PC Photography/iStock via Getty Images

We are happy to report that shares of Trex (NYSE:TREX) are back at a reasonable valuation, after a couple of years trading at ‘sky high’ multiples. We were a little early assigning a ‘Sell’ rating to the shares, since they were ~$100 and went up close to $150, but have since come back down to earth, and are now trading close to $50.

Trex WideAlpha Coverage

Seeking Alpha

This is a company we appreciate very much due to its high growth and strong environmental credentials. As a reminder, Trex manufactures decking comprised primarily of a blend of reclaimed wood fibers and recycled polyethylene film. The company is one of the largest polyethylene film recyclers in North America, up-cycling waste material into higher-value products. It considers wood to be its number one competitor, and every 1% market share it takes away from wood products results in ~$80M annual composite sales. There is still a long runway for growth from taking market share from wood, given that composite has a ~25% market share versus wood’s ~75%.

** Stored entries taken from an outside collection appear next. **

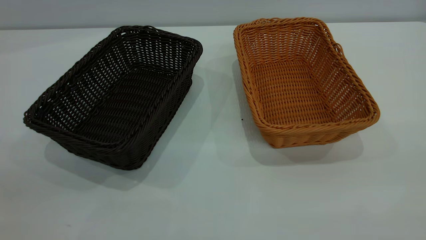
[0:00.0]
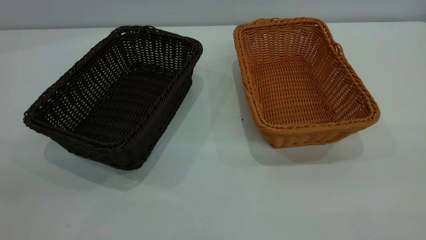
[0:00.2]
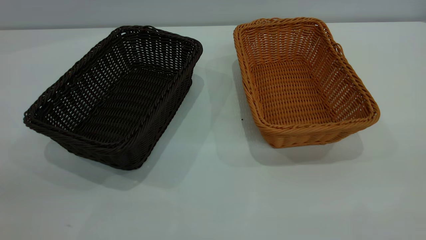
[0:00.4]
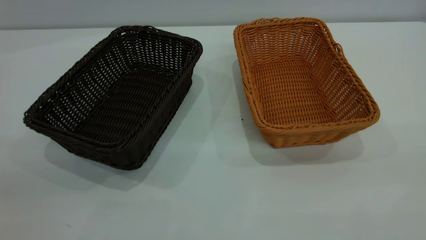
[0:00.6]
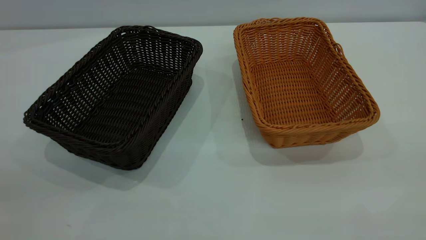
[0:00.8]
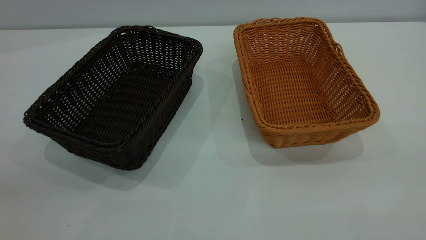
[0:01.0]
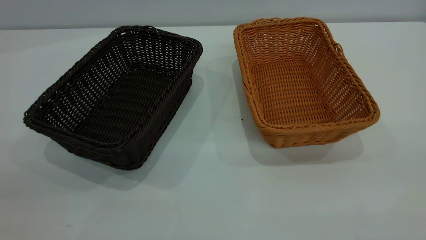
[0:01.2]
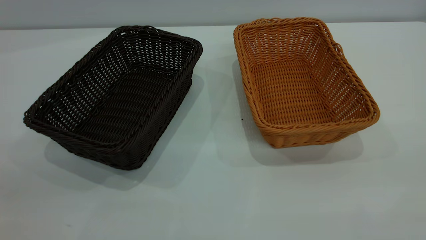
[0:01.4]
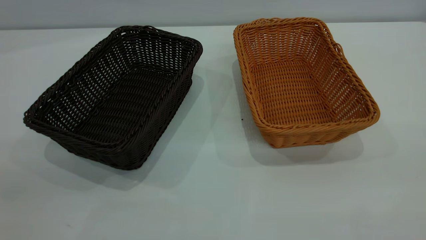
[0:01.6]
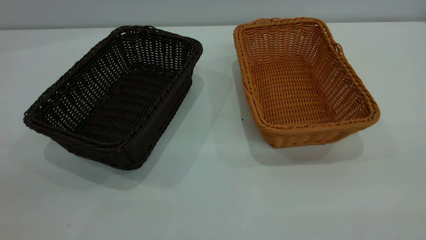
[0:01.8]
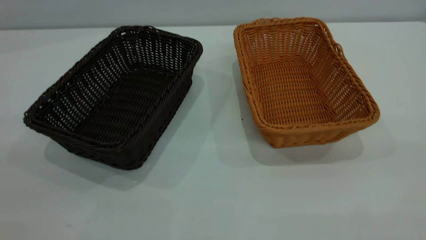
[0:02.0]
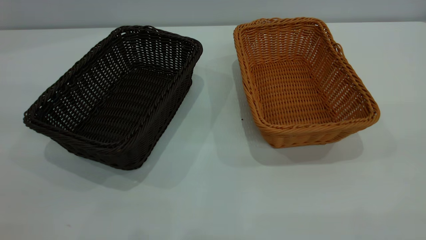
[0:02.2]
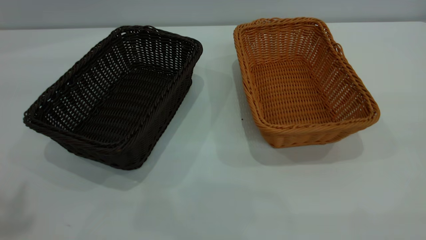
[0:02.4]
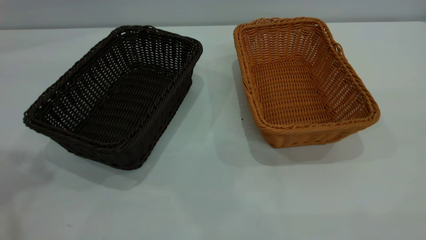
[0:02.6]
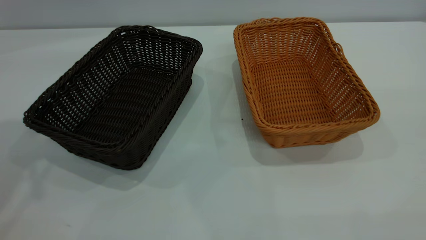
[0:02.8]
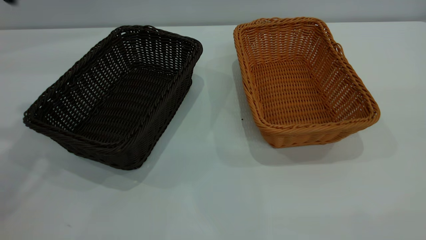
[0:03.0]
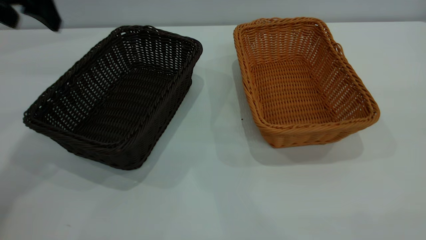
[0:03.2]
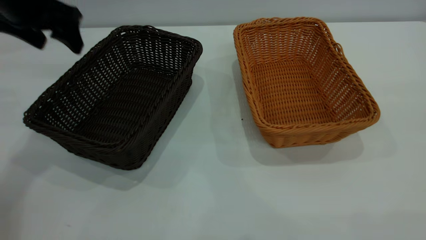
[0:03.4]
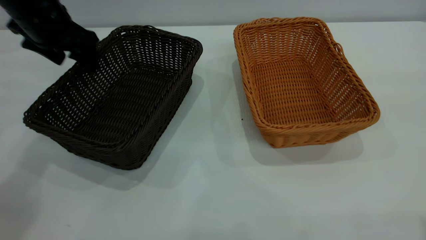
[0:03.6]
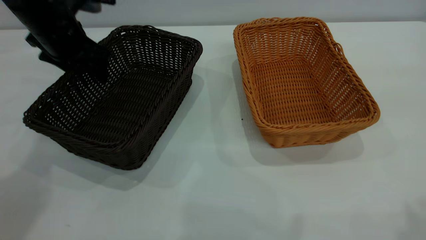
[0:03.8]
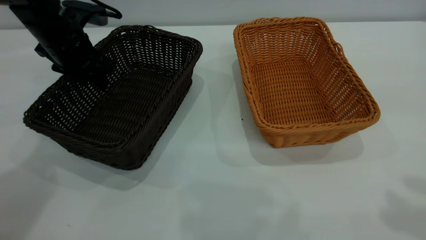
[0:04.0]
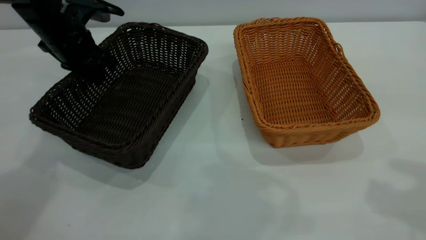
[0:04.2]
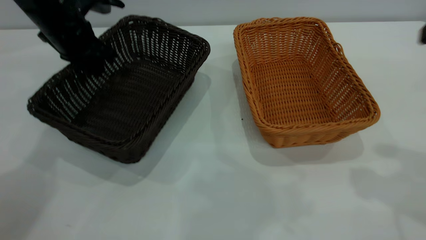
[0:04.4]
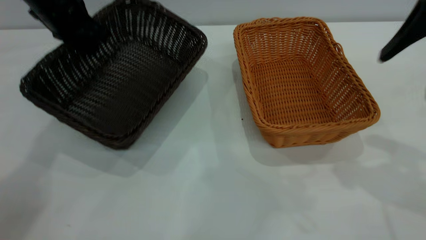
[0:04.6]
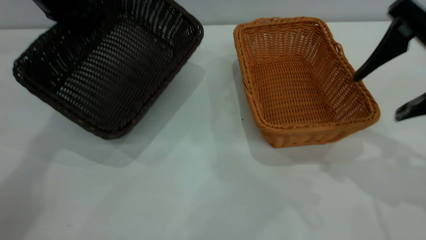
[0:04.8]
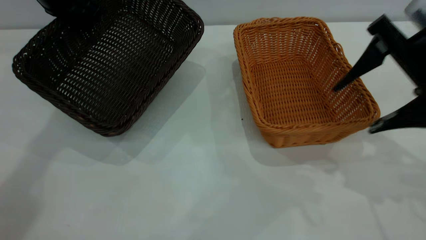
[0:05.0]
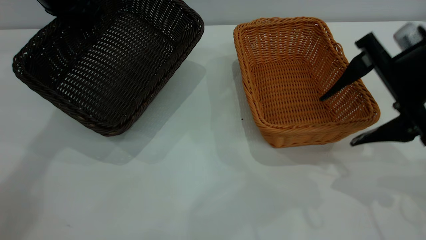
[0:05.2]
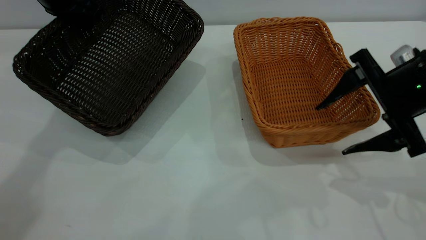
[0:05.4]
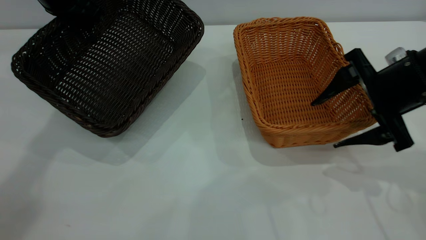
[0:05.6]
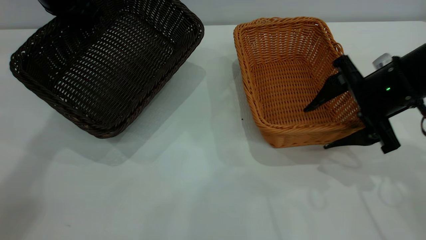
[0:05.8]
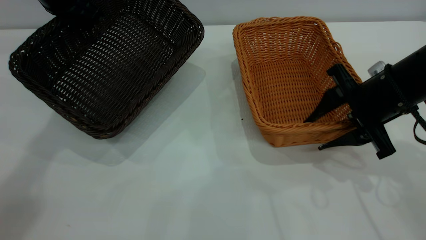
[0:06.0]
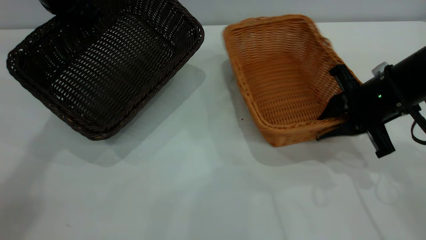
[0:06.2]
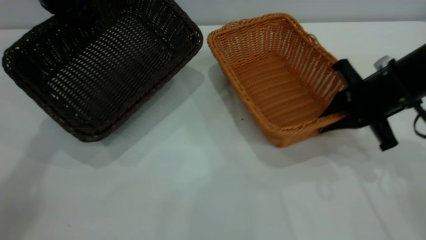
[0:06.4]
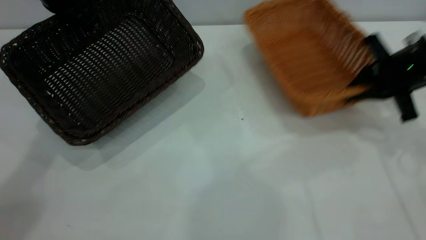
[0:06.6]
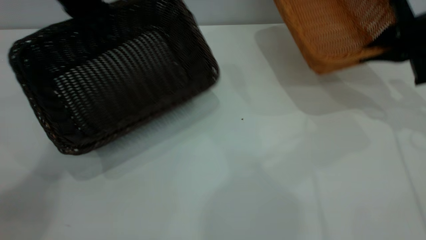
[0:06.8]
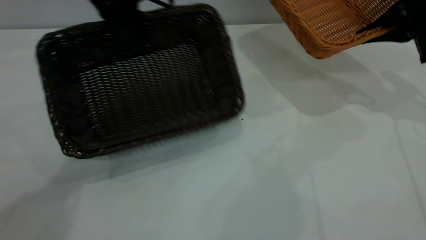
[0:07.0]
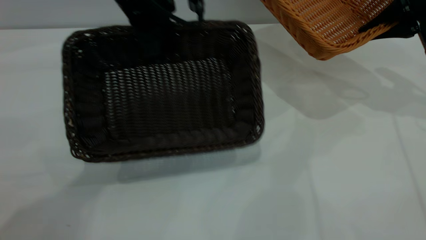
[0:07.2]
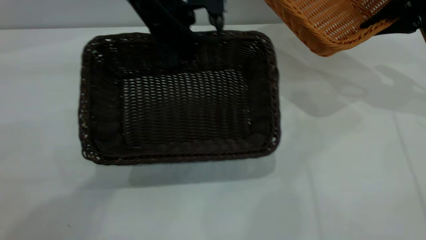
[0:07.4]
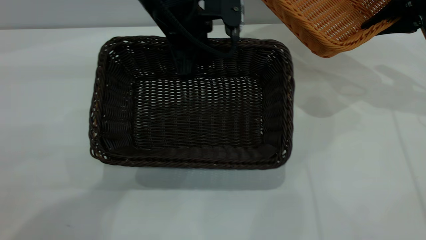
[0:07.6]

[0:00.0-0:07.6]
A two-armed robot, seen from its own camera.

While the product is sold at a premium to wood, sometimes even at a 5x premium, there are good reasons for customers to prefer Trex products. One is for environmental reasons, the other is that Trex has a lower lifetime cost, given how expensive it is to keep giving maintenance to outdoor wood products. The average payback for going with Trex is only ~3 years, and customers end up saving on average thousands of dollars.

Trex Product Economics

Trex Investor Presentation

Financials

Trex is no longer the company it was ten years ago, where it had significant cyclicality in its profit margins. Its earnings volatility has decreased, and its margins remain quite high, in particular it has shown strong operating leverage, and its operating margins have benefited. Its most recent operating margin was a very attractive 27.9%.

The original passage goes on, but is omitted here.